Longtemps éclipsés par les rappeurs, ces «architectes du son» prennent enfin la lumière dans l’Hexagone. Une mise en avant qui permet de découvrir toute la difficulté de l’exercice.
Artisans indispensables du hip-hop, les beatmakers, compositeurs discrets à l’origine de nombreux tubes, de Booba à Aya Nakamura, sortent peu à peu de l’ombre en France. «Le frisson de la production, c’est de toujours essayer de découvrir ce son, cette texture un peu nouvelle, de toucher ce qui n’a pas été touché avant», confie BBP, l’un des plus prisés du rap français.
Actif depuis une dizaine d’années, il a imprimé sa patte sur l’album de PNL Deux frères (2019) et sur la majeure partie de l’infernal Pandémonium de Vald, sorti en mars. Ce passionné compare sa «quête» aux recherches d’un «peintre qui va expérimenter sur sa palette pour trouver des tons qui vont bien ensemble».
Ces compositeurs 2.0 œuvrent en coulisses, signant seulement leur toile sonore d’un tag, une signature vocale souvent glissée au début du titre. Peu médiatisés et valorisés jusqu’alors, ils sont désormais récompensés aux Flammes, cérémonie dédiée au rap et à ses courants. Sacré compositeur de l’année en mai, le duo Maxalaguitare & Senyaupiano a notamment bâti Baby, l’un des cartons d’Aya Nakamura.
«Ce sont des architectes sonores. Ce sont eux qui donnent le « la » : beaucoup d’artistes ne peuvent écrire sans savoir sur quel type de production ils vont aller», souligne Mehdi Maïzi, journaliste rap et responsable du contenu hip-hop chez Apple Music France.
Des «rats de studio» dans l’ombre
Un numéro spécial de son émission, Le Code, diffusé sur cette plateforme et sur YouTube, a justement été consacré en juin aux beatmakers BBP, Pandrezz (Bécane de Yamê) et Richie Beats (Dinos, Alpha Wann). «C’est un coup de projecteur sur des métiers bien connus dans l’écosystème musical mais moins du grand public», explique la Sacem, organisme de gestion des droits d’auteur et partenaire de l’initiative, qui passe également par des playlists et six épisodes inédits du collectif Legendes Industries, jusqu’à samedi. «Beaucoup de beatmakers sont plutôt des rats de studio qui n’ont pas envie d’être dans la lumière», note encore Mehdi Maïzi.
La plupart d’entre eux cherchent à placer leurs productions auprès de différents artistes. Une poignée, tels qu’Ikaz, Meel B – rare signature féminine – ou Amine Farsi, sortent aussi leurs propres albums.

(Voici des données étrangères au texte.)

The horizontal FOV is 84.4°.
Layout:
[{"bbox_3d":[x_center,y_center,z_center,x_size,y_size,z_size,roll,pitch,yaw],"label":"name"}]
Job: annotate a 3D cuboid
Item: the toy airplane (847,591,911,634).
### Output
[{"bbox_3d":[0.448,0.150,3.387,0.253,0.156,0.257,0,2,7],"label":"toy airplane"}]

Aux États-Unis, les beatmakers sont depuis longtemps des stars à part entière, à l’image du vétéran Timbaland et de la relève Metro Boomin, qui a collaboré avec Future et 21 Savage, et bien d’autres, indispensables au «game» (The Alchemist, Dr. Dre, Madlib, J Dilla, DJ Premier…).
Ils sont appelés «producers», terme qui englobe la production sonore, voire la direction artistique du projet. La traduction en français est peu usitée car porteuse de confusion avec le producteur, qui finance l’enregistrement musical.

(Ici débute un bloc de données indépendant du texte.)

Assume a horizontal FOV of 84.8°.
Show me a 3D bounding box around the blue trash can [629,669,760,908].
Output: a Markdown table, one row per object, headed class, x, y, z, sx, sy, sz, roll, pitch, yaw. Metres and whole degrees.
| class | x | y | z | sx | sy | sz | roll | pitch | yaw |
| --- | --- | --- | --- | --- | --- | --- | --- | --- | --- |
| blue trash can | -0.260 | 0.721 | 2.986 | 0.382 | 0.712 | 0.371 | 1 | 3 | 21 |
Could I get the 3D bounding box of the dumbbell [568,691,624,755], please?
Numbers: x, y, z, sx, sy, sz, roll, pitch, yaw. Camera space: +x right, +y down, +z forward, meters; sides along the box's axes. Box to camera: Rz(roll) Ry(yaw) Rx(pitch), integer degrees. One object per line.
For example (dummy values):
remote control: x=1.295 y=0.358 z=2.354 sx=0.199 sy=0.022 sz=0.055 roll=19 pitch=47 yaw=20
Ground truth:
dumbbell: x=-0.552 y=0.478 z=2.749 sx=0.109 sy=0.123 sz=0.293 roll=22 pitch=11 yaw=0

De «petites mains» disponibles à souhait
Moins de machines et plus de logiciels à des prix abordables : la démocratisation des outils de production explique en grande partie le fleurissement des beatmakers. En parallèle, le rap a évolué vers plus de compositions originales et moins de samples (boucles d’échantillons sonores), source potentielle de batailles de droits d’auteur comme pour Tonton du bled (1999) du 113.
Pourtant, cet avènement est à double tranchant. «Il y a une ubérisation des compositeurs, avec plein de petites mains disponibles», observe BBP, dénonçant certaines «conditions de travail et de rémunération», dans un secteur «ultra concurrentiel».
Or, «il faut du temps pour apporter une vraie plus-value aux artistes», juge-t-il. Aux yeux du compositeur belge Ozhora Miyagi (qui a signé Génération assassin de Booba), les beatmakers restent souvent «les exécutants». «Je connais énormément de beatmakers qui galèrent. Il y a une grosse précarité», déplore-t-il.
«Je peux comprendre qu’un petit de 15-16 ans fasse une production et qu’on lui propose 300 euros car, pour lui, c’est lourd. Mais, plus les compositeurs vont parler de ça, plus les petits vont se dire qu’ils ne veulent pas» de ce statut, espère ce poil à gratter du milieu. «C’est aussi à eux de cultiver leur image», encourage Niro, l’un des tauliers du rap francophone. Car, rappelle-t-il, «sans beatmakers, il n’y aurait rien du tout : on ferait du slam!».